Segment Start: DATA FOR REVIEW

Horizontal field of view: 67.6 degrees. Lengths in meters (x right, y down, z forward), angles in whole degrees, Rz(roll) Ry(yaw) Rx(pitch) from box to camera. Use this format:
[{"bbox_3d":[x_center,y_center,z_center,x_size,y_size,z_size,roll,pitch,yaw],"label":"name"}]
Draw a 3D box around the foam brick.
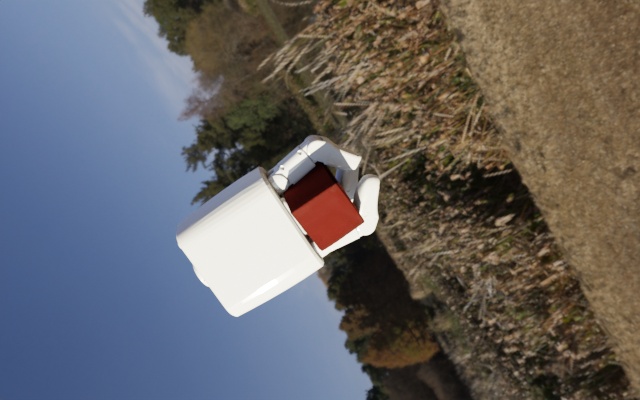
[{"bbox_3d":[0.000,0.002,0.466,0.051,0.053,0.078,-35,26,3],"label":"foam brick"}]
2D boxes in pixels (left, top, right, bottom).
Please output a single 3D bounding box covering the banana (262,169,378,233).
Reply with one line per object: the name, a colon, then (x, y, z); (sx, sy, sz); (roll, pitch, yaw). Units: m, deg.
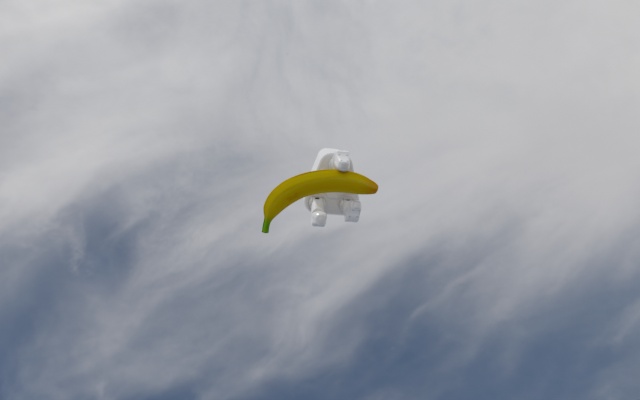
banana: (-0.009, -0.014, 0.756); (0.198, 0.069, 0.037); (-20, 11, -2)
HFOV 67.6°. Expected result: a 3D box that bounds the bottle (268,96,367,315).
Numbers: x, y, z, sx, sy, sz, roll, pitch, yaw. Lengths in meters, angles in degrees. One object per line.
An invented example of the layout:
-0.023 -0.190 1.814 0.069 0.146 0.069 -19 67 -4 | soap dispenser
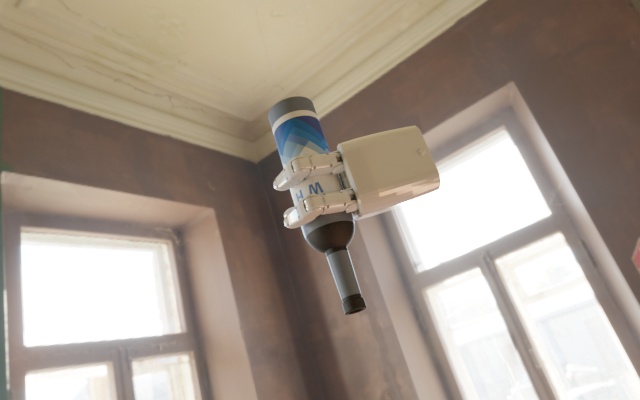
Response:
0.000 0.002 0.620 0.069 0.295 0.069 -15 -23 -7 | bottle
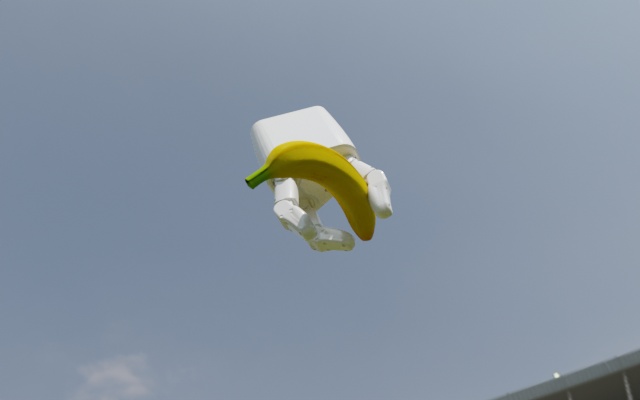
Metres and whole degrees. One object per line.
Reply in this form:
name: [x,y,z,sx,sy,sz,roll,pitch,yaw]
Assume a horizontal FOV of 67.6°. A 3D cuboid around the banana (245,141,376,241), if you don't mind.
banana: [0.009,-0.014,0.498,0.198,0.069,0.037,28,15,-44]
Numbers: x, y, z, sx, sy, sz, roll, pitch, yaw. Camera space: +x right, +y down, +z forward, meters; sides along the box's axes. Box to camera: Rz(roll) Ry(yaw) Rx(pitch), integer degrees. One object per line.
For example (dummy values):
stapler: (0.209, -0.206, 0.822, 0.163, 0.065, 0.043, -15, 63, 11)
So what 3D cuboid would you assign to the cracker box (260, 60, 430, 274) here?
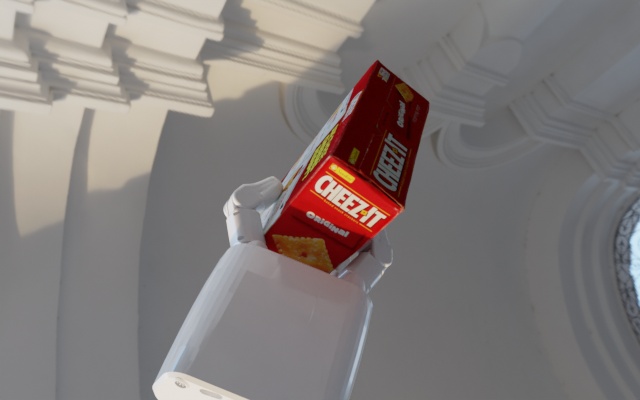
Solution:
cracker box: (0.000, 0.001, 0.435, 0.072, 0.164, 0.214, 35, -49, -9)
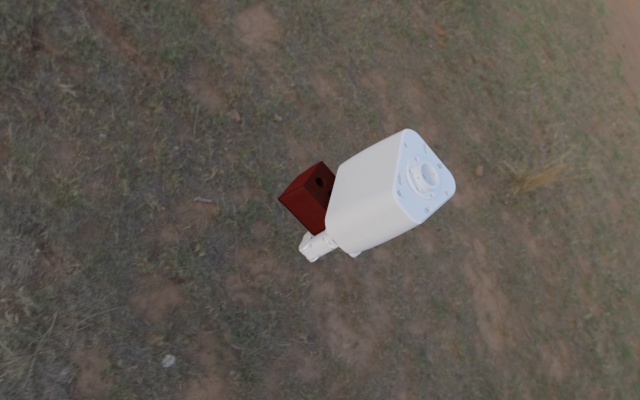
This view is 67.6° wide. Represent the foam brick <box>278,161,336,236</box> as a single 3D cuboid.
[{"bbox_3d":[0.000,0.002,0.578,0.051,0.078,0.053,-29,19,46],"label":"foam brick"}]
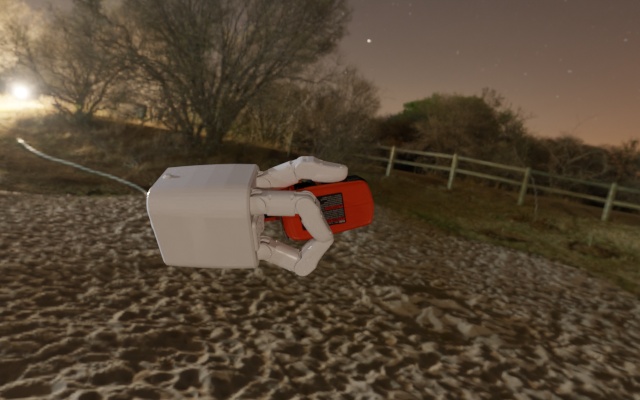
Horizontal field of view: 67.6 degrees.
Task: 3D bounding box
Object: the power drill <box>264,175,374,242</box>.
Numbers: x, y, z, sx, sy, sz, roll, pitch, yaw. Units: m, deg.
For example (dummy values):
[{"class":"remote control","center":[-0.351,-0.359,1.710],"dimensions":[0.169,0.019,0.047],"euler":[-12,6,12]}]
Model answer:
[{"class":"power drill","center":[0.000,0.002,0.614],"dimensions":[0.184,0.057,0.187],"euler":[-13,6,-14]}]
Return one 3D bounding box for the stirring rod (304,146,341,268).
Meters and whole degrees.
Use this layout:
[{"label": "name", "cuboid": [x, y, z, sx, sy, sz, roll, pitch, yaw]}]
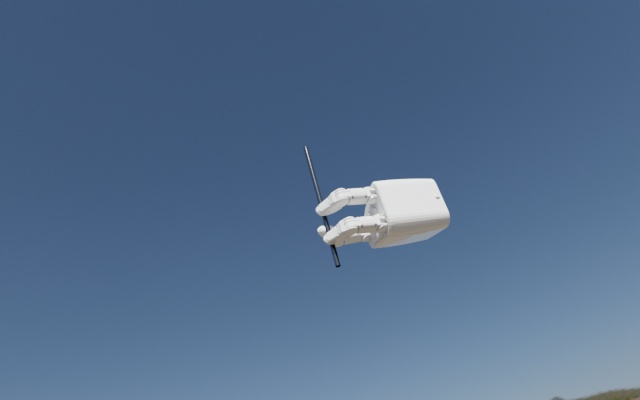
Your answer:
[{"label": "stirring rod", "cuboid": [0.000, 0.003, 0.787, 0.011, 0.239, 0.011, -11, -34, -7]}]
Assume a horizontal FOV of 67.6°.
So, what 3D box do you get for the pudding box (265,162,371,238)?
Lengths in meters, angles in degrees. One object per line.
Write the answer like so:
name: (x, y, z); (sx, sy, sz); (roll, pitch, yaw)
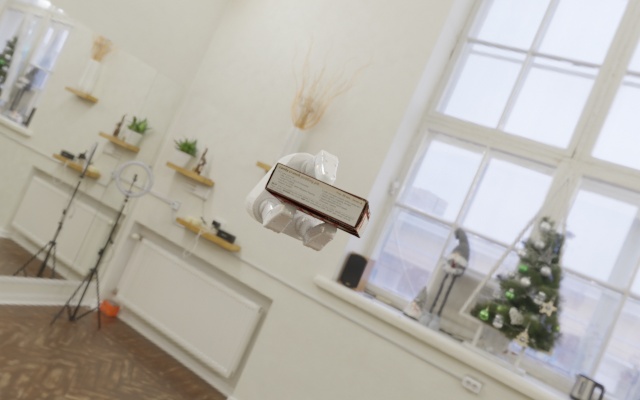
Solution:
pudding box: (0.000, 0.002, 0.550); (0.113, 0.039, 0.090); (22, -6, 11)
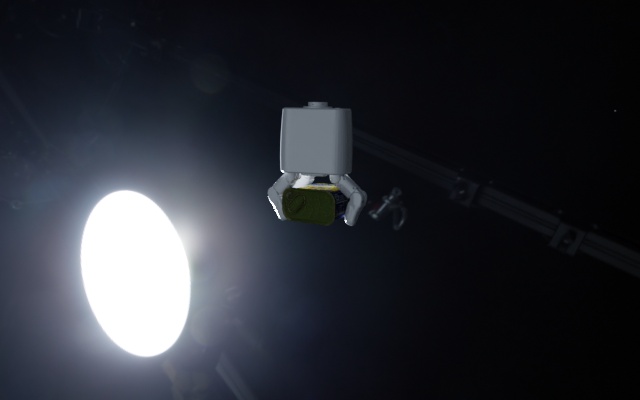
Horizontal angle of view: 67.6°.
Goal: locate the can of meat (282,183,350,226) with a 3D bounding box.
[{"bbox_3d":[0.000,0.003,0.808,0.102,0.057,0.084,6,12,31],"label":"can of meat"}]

Segment End: DATA FOR REVIEW

PROBLEM REQUIREMENTS: In the entries above, find the line containing "Please output a" and the line containing "HFOV 67.6°. Expected", then copy both and every line between them exactly, without any picture.

TASK OUTPUT:
Please output a single 3D bounding box covering the banana (262,169,378,233).
Reply with one line per object: the name, a colon, then (x, y, z); (sx, sy, sz); (roll, pitch, yaw). Units: m, deg.
banana: (-0.009, -0.014, 0.756); (0.198, 0.069, 0.037); (-20, 11, -2)
HFOV 67.6°. Expected result: a 3D box that bounds the bottle (268,96,367,315).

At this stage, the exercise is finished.